立ち向かって来なさいよ

 10月24日(土) 晴


 しつこい! まだ諦めてないんだなあ、あいつ。あれだけのことを言われてもへこたれないなんて、そのド根性だけは見上げたものだわ。やっぱりあたしが本当のことを言っていないと思い込んでいるんだろうか。困ったもんだ。


 今考えると、それはすき焼きデートの翌日には始まっていたんでしょうね。その日、あいつは店に来なかった。仕事が終わって割引価格で夕食を済ませて、帰宅して、シャワーを浴びて、チューハイ飲んでぼへ~としていたらチャイムが鳴ったのよ。


「また『皆様に支えられているN〇K』かな。あいつらもしつこさではあいつに負けないわね」


 とか言いながらドアを開けると誰もいない。変だなと思いながらその日はそれで終わった。


 次の日もあいつは店に来なかった。やっぱり完全に諦めたんだなと思いながら帰宅すると1号室のおばちゃんに呼び止められた。ちなみにこのおばちゃんはアパートの管理人でもある。日常の困りごとや廊下の電球切れなんかは一発で解決してくれる頼りになる存在。で、そのおばちゃんが言うのよ。

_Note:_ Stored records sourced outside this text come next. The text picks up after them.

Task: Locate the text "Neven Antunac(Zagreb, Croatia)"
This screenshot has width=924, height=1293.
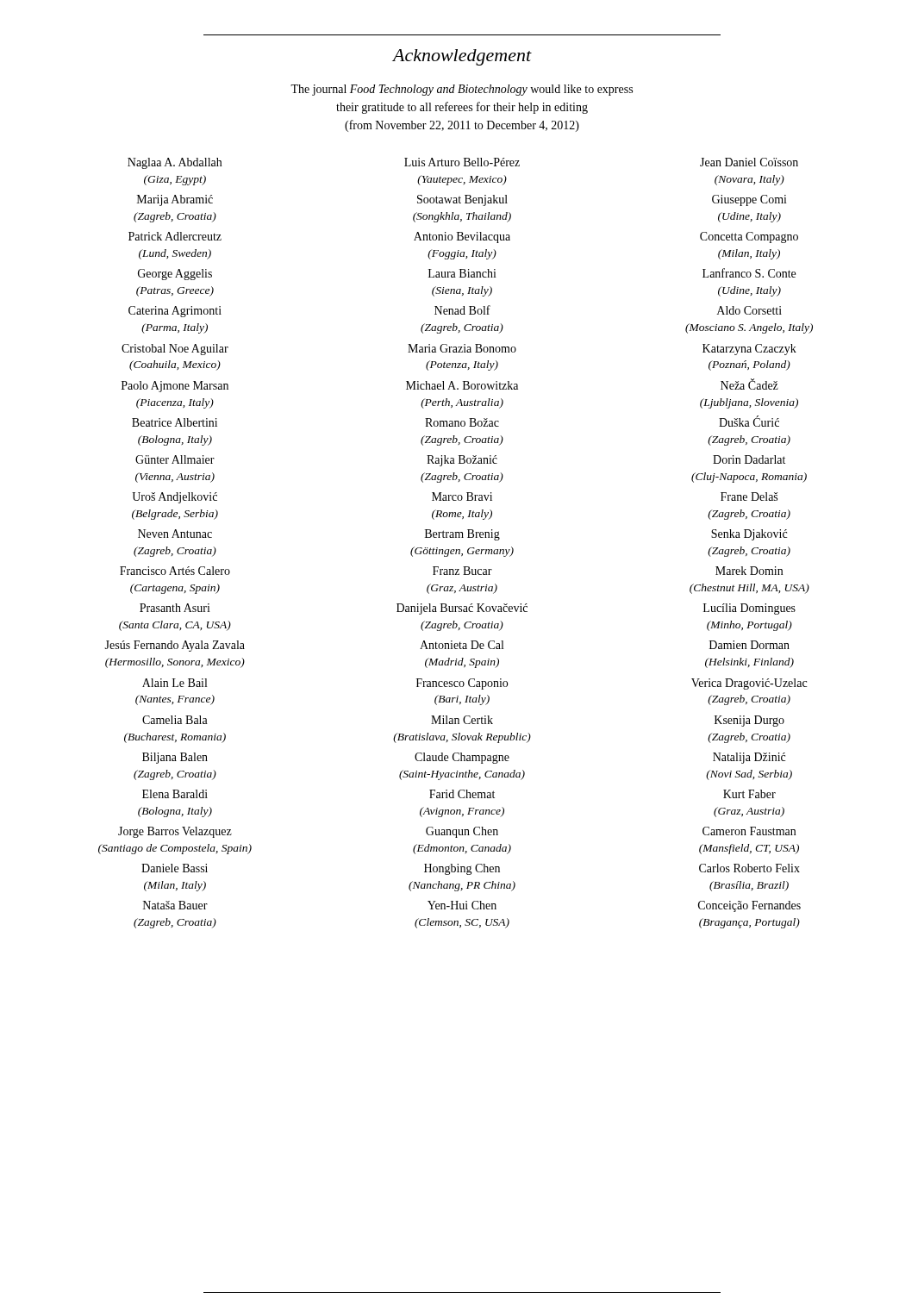Action: click(x=175, y=543)
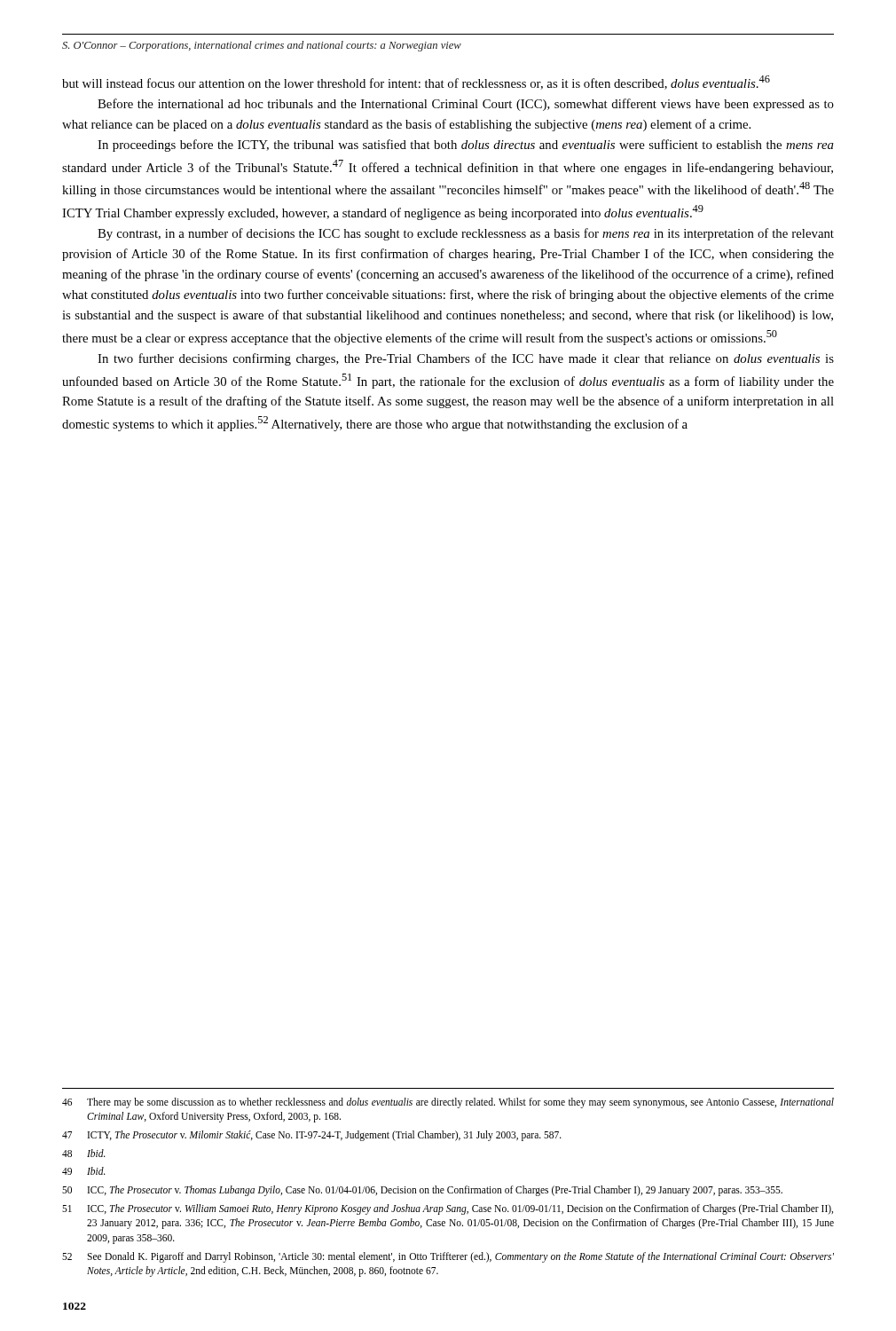896x1331 pixels.
Task: Where is the passage that starts "47 ICTY, The Prosecutor v. Milomir Stakić,"?
Action: click(x=448, y=1135)
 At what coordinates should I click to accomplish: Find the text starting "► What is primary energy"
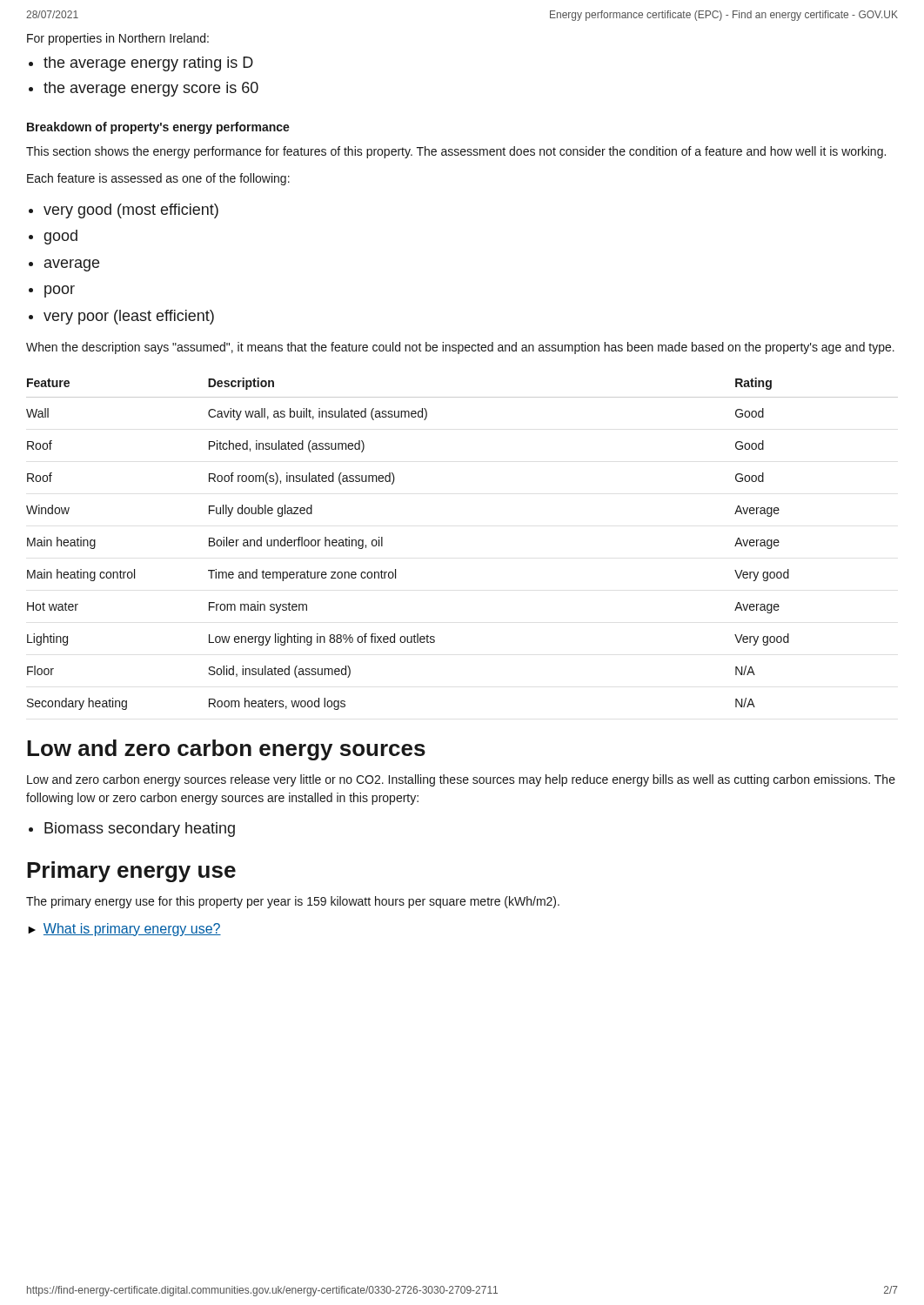(123, 929)

「今日は何度もあなたの部屋を訪れてチャイムを押す人がいたよ。一度声を掛けたら何も言わずに自転車で逃げて行ったけど、知り合いかね」

「そうですか。全然心当たりがありません。ご迷惑をお掛けしました」


 と答えておいたけど、すぐピンと来た。あいつだ。あいつ以外に考えられない。同居人がいると教えた、もう会いたくないと断った、おまえなんか大嫌いだと叫んだ、それでもアパートに押しかけて来るなんてしつこいにもほどがある。その夜はむしゃくしゃしてなかなか眠れなかった。

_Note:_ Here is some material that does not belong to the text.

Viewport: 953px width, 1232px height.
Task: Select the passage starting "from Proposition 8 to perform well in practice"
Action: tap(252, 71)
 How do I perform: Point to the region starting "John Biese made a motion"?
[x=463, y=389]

 そして今日だ。日中働いているとファミレスの窓から誰かがのぞいているような気がする。こっそり店長に報告して見に行ってもらうと、思ったとおりあいつだった。


「何か御用ですかって声を掛けたら何も言わずに逃げちゃった。嫌ねえ、コソコソのぞき見なんかして。どういうつもりかしら」


 店長も気味悪がっていた。あたしは怒りで頭が爆発しそうだった。絶対に捕まえてやろうと思って帰宅後アパートのドアの後ろで待ち構えていたらチャイムの音。間髪を容れず開ける。走り出すあいつの後姿。


「待ちなさい! ピンポンダッシュなんかして恥ずかしくないの」


 すぐ追いかけたけど足が速い。あっという間に自転車で逃げられてしまった。


「うぐぐ、どうしてくれよう」


 困った時の兄頼み。メールで連絡すると明日会ってくれるって。ナイスな作戦を思いついてくれるといいんだけど。



 10月25日(日) 晴


 今日は兄と会ってきた。いつもの雑居ビル2階の喫茶店。あたしからの報告を聞いた兄は眉間にシワを寄せて唸るばかりだった。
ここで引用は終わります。